Hooke doesn’t get enough respect

This is an impressive microscope. It doesn’t look like much, but this is the kind of instrument Leeuwenhoek used to make his observations, back in the 17th and early 18th century. I did not know until now that it was a mystery how he could magnify specimens 270 times with a simple lens — we didn’t know exactly how he constructed the lens, and he wouldn’t tell anyone. It was his secret, which is not a proper scientific attitude, but OK, it was his key to fame.

Until now, that is. The secret of Leeuwenhoek’s lenses has been cracked! It turns out he borrowed a technique of Robert Hooke’s and improved on it.

But on his most powerful lens, neutron tomography revealed that Van Leeuwenhoek used another technique entirely. It was almost perfectly spherical and completely smooth, without the sharp rim inevitably created by a traditional grinding cup. Even more tellingly, the lens retained the faint remnants of a snapped stem, concealed by the brass plates since the day Van Leeuwenhoek had placed it there.

The stem is a smoking gun. It’s the unavoidable result of forming a lens by melting a thread of glass until a bead forms on its end and then snapping it off. In other words, to make his greatest lens, Van Leeuwenhoek copied Hooke’s simple recipe from the book that likely inspired him. Cocquyt believes this may explain why he was so circumspect when Hooke asked about his methods; he wanted to avoid giving credit to Hooke himself.

Published in Science Advances last year, Cocquyt’s discovery that Van Leeuwenhoek used a well-known technique reveals a deeper truth about the state of microscopy in the 17th century. It suggests that for all the crafting genius required to make his tiny, super-powered lens, Van Leeuwenhoek’s greatest insight may have been that there was something new to see by making one.

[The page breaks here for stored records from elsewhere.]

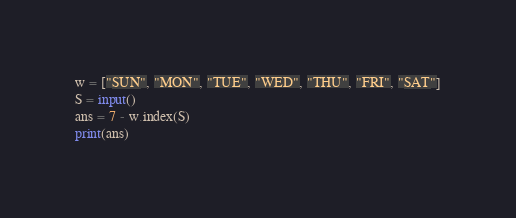<code> <loc_0><loc_0><loc_500><loc_500><_Python_>w = ["SUN", "MON", "TUE", "WED", "THU", "FRI", "SAT"]
S = input()
ans = 7 - w.index(S)
print(ans)</code> 
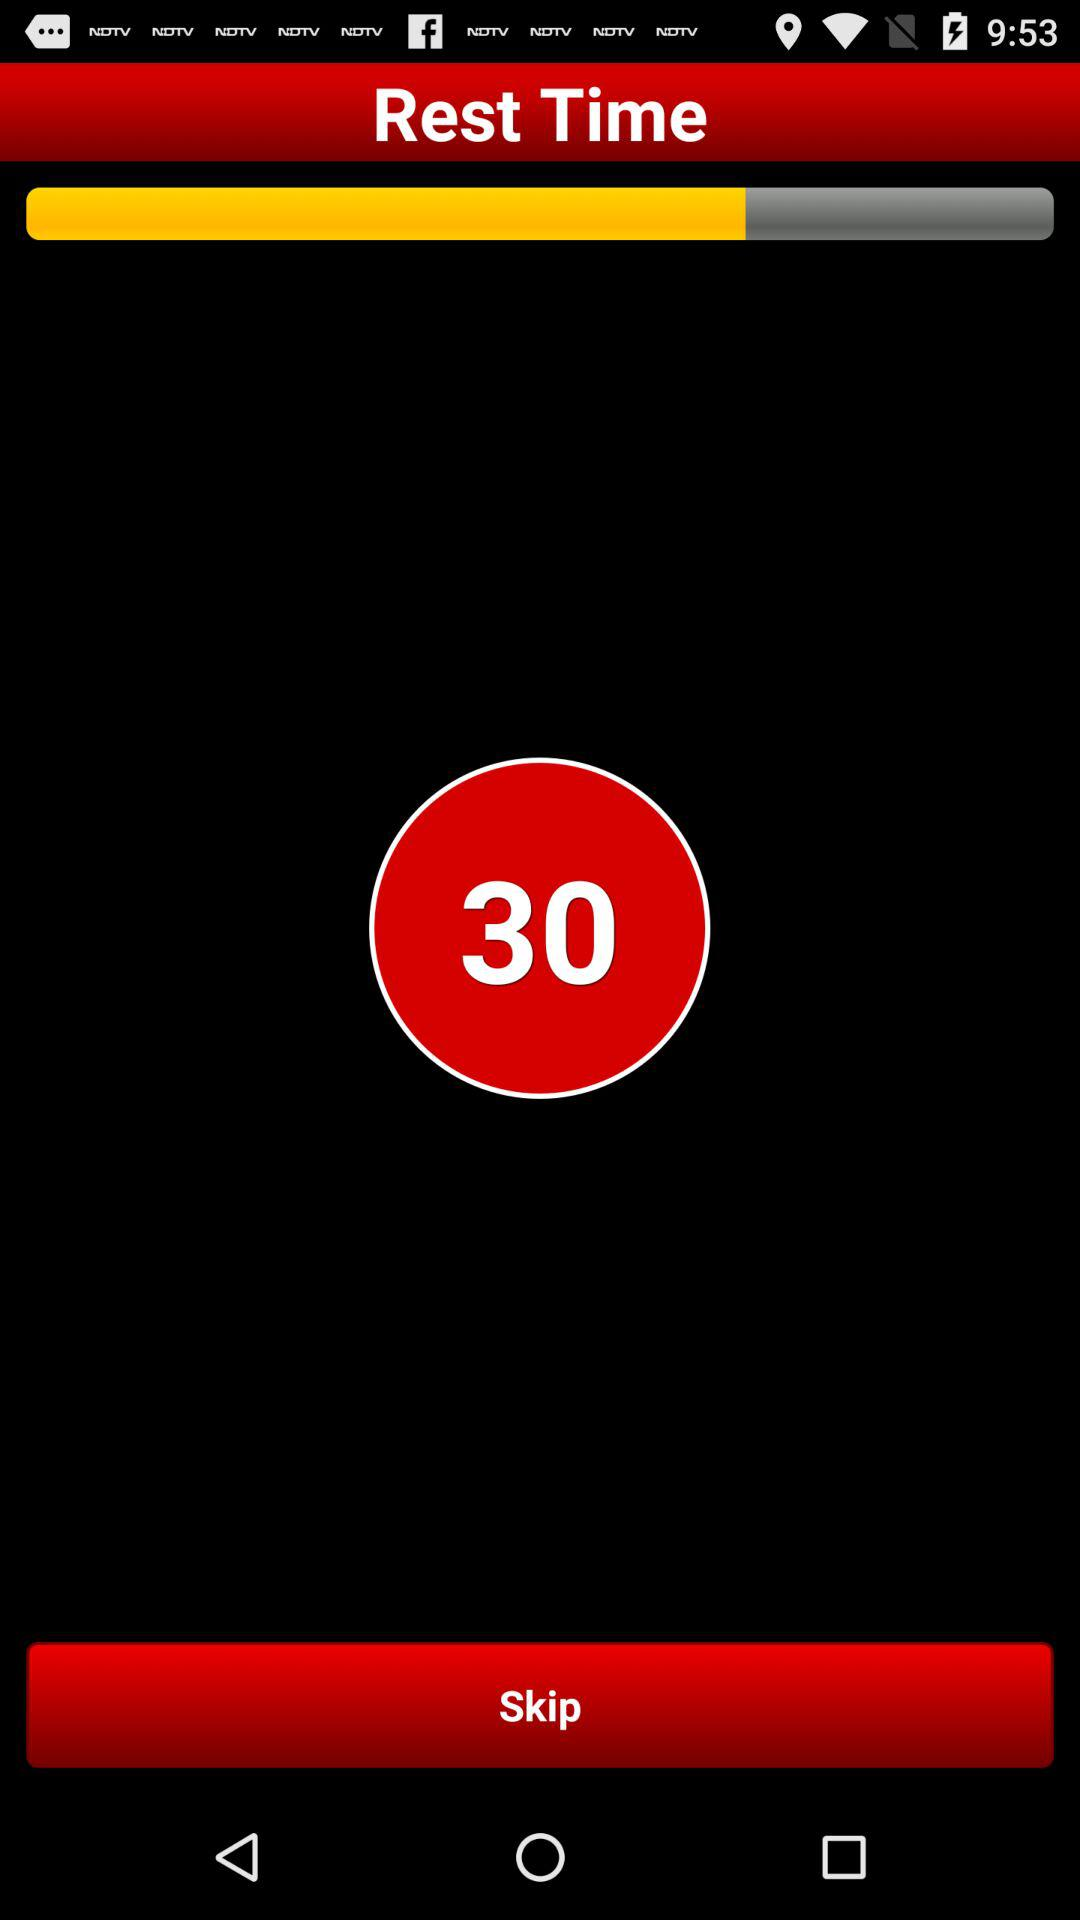What is the rest time? The rest time is 30. 
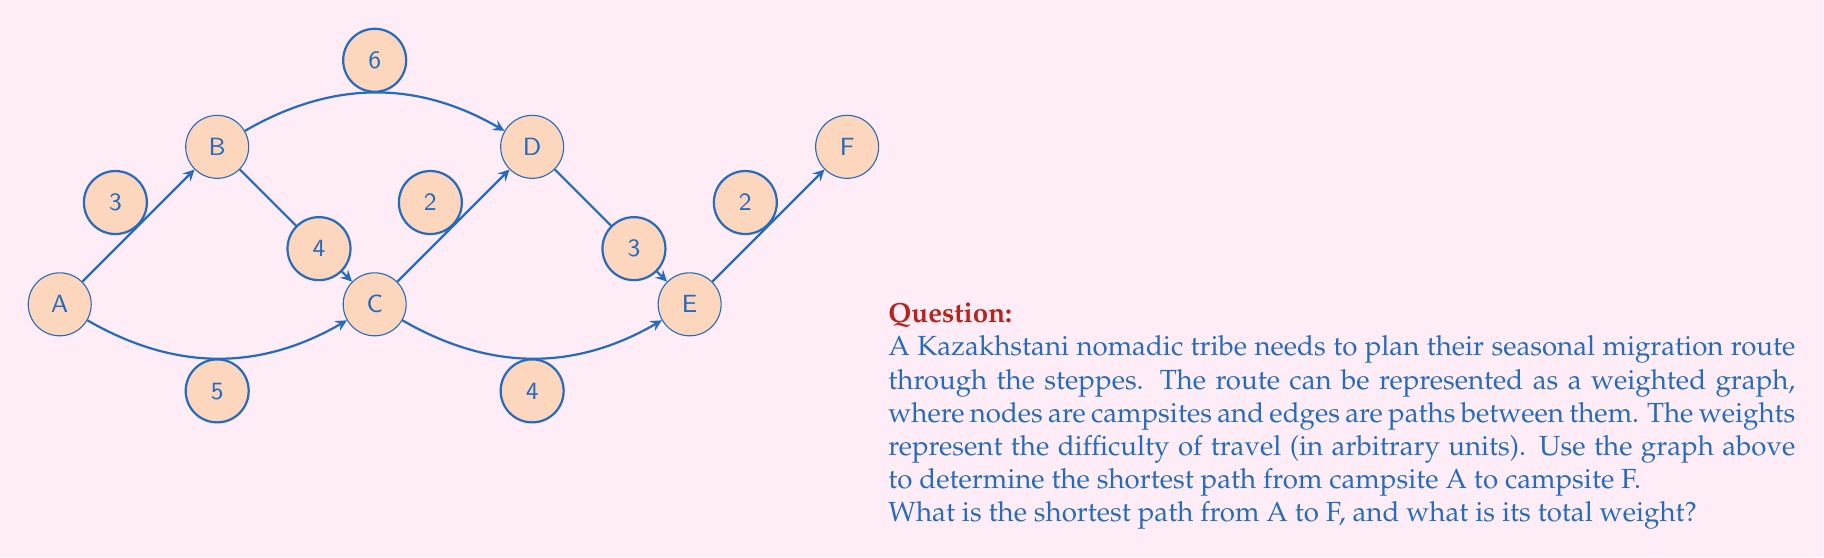Show me your answer to this math problem. To solve this problem, we can use Dijkstra's algorithm, which is efficient for finding the shortest path in a weighted graph.

Step 1: Initialize distances
Set distance to A as 0 and all other nodes as infinity.
$d(A) = 0$, $d(B) = d(C) = d(D) = d(E) = d(F) = \infty$

Step 2: Visit node A
Update distances:
$d(B) = 3$, $d(C) = 5$

Step 3: Visit node B (closest unvisited node)
Update distances:
$d(C) = \min(5, 3+4) = 5$, $d(D) = 3+6 = 9$

Step 4: Visit node C
Update distances:
$d(D) = \min(9, 5+2) = 7$, $d(E) = 5+4 = 9$

Step 5: Visit node D
Update distances:
$d(E) = \min(9, 7+3) = 9$, $d(F) = 7+2 = 9$

Step 6: Visit node F (closer than E)
Algorithm terminates as we've reached the destination.

The shortest path is A → B → C → D → F with a total weight of 9.
Answer: A → B → C → D → F, weight = 9 
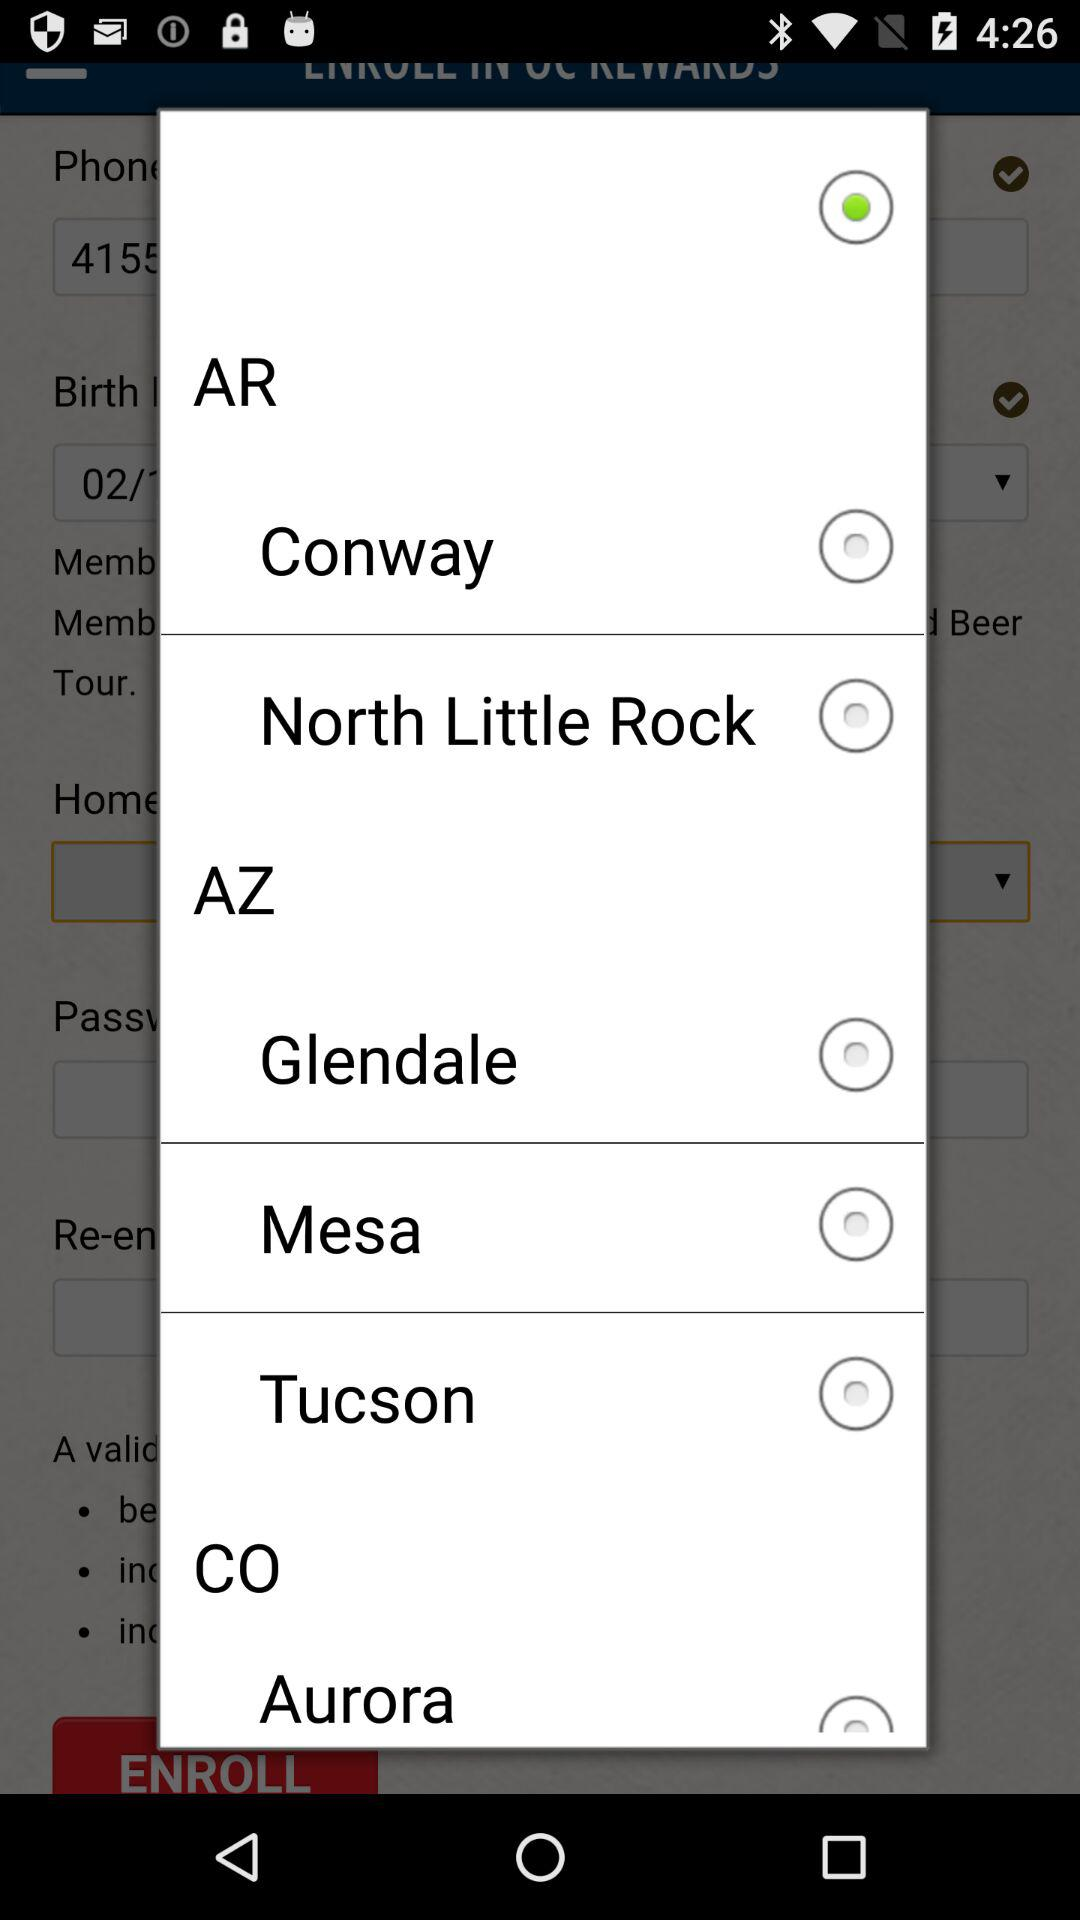Which option is selected?
When the provided information is insufficient, respond with <no answer>. <no answer>

I mean, everyone was copying Robert Hooke in the 17th century and then hiding the fact. Hooke was a real genius, and it makes me wonder why no one wanted to credit him for anything. Apparently, he was an unpleasant character, vain and jealous, and that has damaged his legacy. The lesson: be courteous and nice with your peers!

Men never change

I suppose a woman could have carved this stone found along Hadrian’s wall, and from the 2nd century CE, but somehow I doubt it.

The stone is fairly small, measuring 40 cm wide by 15 cm tall (15 inches by 6 inches). Experts in Roman epigraphy recognized the lettering as a mangled version of Secundinus cacator, which translates into (ahem) “Secundinus, the shitter.” The penis image merely added insult to injury—a clever subversion of the traditional interpretation of a phallus as a positive symbol of fertility. The Vindolanda site now has 13 phallic carvings, more than have been discovered at any other dig site along Hadrian’s Wall.

The last laugh is on whoever carved it, because we remember Secundinus’s name and not his.